Data Engineer @ Infosys Limited, Pune, India August 2021 – October 2022
Designed and developed ETL pipelines using Azure Data Factory to extract data from SAP-ERP and CRM sources. Transformed the data with PySpark and Azure Databricks, applying complex business logic before loading it into Azure Data Warehouse. Integrated the processed data into Power BI for Business Intelligence (BI) reporting. Streamlined data pipelines, reducing ETL completion time from 17 hours to 5 hours, making the process over 3x faster. Collaborated within an Agile Team, consistently delivering sprint targets.
Software Developer @ Kamusi Project, USA (Remote) August 2020 – July 2021
Developed scripts in Python and Cypher for cleaning and importing data from various universities into a Neo4j Graph Database, managing a database of over 7,000 interconnected languages for translation. Redesigned database schema and optimized search queries to execute under 15ms, achieving over 65 times faster performance. Ensured smooth operation of Linux servers and automated system snapshot backups and recovery using Bash Scripts. Transitioned the development environment from Vagrant to Docker Containers.
Deep Learning Research Intern @ AjnaLens, Mumbai, India June 2020 – July 2020
Integrated TensorFlow models into Android apps using TensorFlow Lite for prototyping and benchmarking various deep learning image recognition models. Researched methods to enhance inference performance of machine learning models on embedded devices through Java and C++ optimizations, significantly reducing memory usage.
SecureRAG: Self Hosted AI Agent for Secure Document Querying | LangChain, Python July 2024 - Ongoing
I developed a completely self-hosted LLM system using the Llama 3.1 8B model for querying a knowledge base of sensitive documents, utilizing Retrieval Augmented Generation (RAG). The system operates efficiently on a single GPU, offering accuracy comparable to OpenAI’s GPT-3.5 Turbo. This project enables companies, development teams, and research groups to securely interact with confidential documents without relying on third-party cloud services, while building a scalable and customizable solution for long-term use.

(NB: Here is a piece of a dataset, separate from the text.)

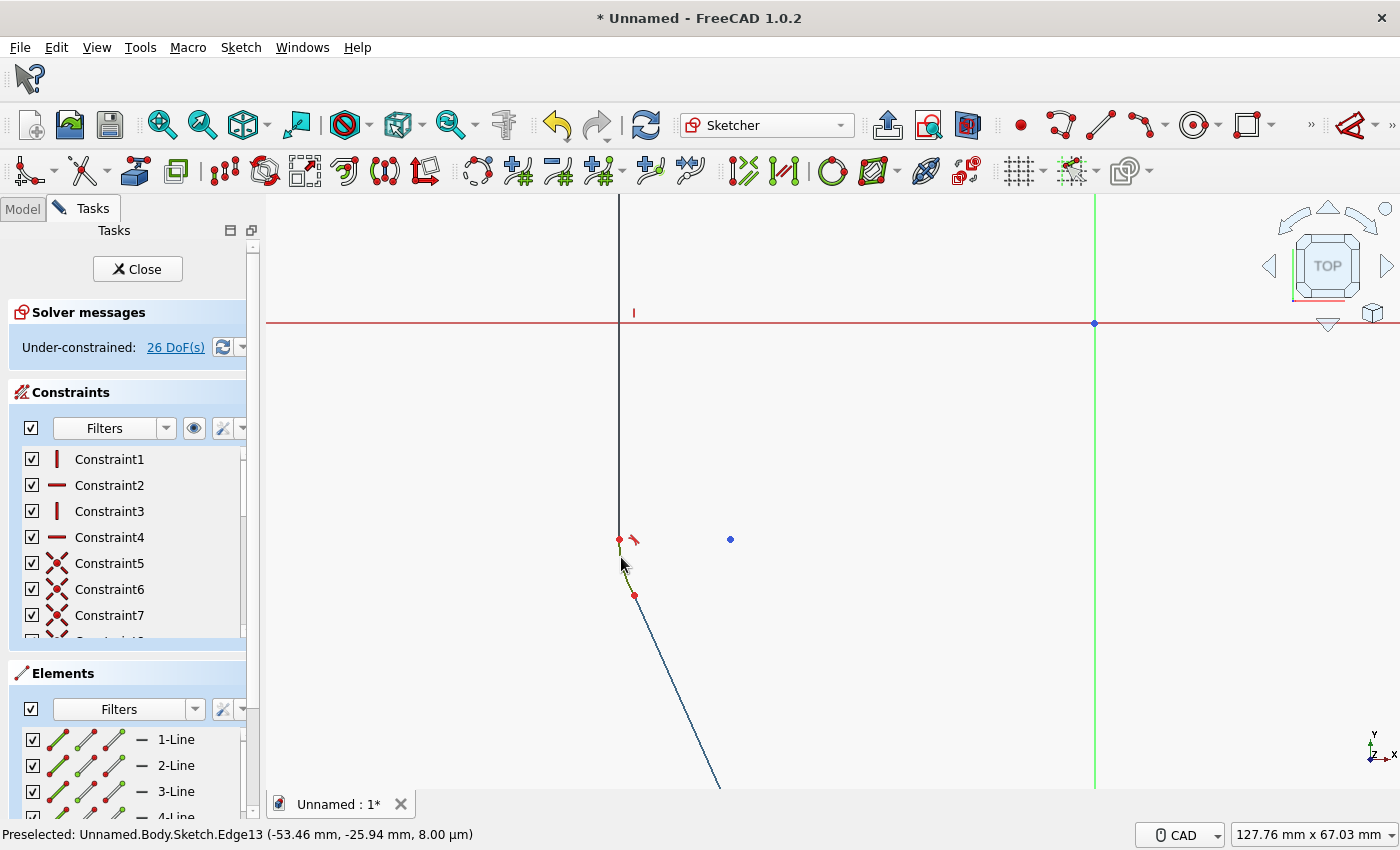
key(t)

AWS-Powered Data Pipeline: Analyzing the Steam Dataset | Python, Pandas, AWS Service July 2024 - Ongoing
I developed a complete ETL pipeline using AWS Glue to process a large Steam dataset, extracting key metrics and correlations. I utilized AWS S3 for securely storing large dataset files and DynamoDB to manage structured data, ensuring scalable and efficient data handling. I implemented AWS Lambda functions to query data from DynamoDB, returning dynamic data visualizations via API Gateway. This project helped me orchestrate various AWS services, creating an end-to-end cloud solution while uncovering insights into user buying habits through interactive visualizations with Plotly Express.Grand Finalist in Smart India Hackathon | Python, NumPy, Pandas, Tensorflow, Tensorflow JS June 2020
I developed a Chrome extension using TensorFlow.js to measure student engagement in online lectures as a Grand Finalist in the Smart India Hackathon. The extension adhered to strict user privacy protocols, ensuring webcam data never left the user’s system. I optimized the machine learning model for real-time inference at 60 frames per second, achieving smooth performance even on older hardware without significant system impact.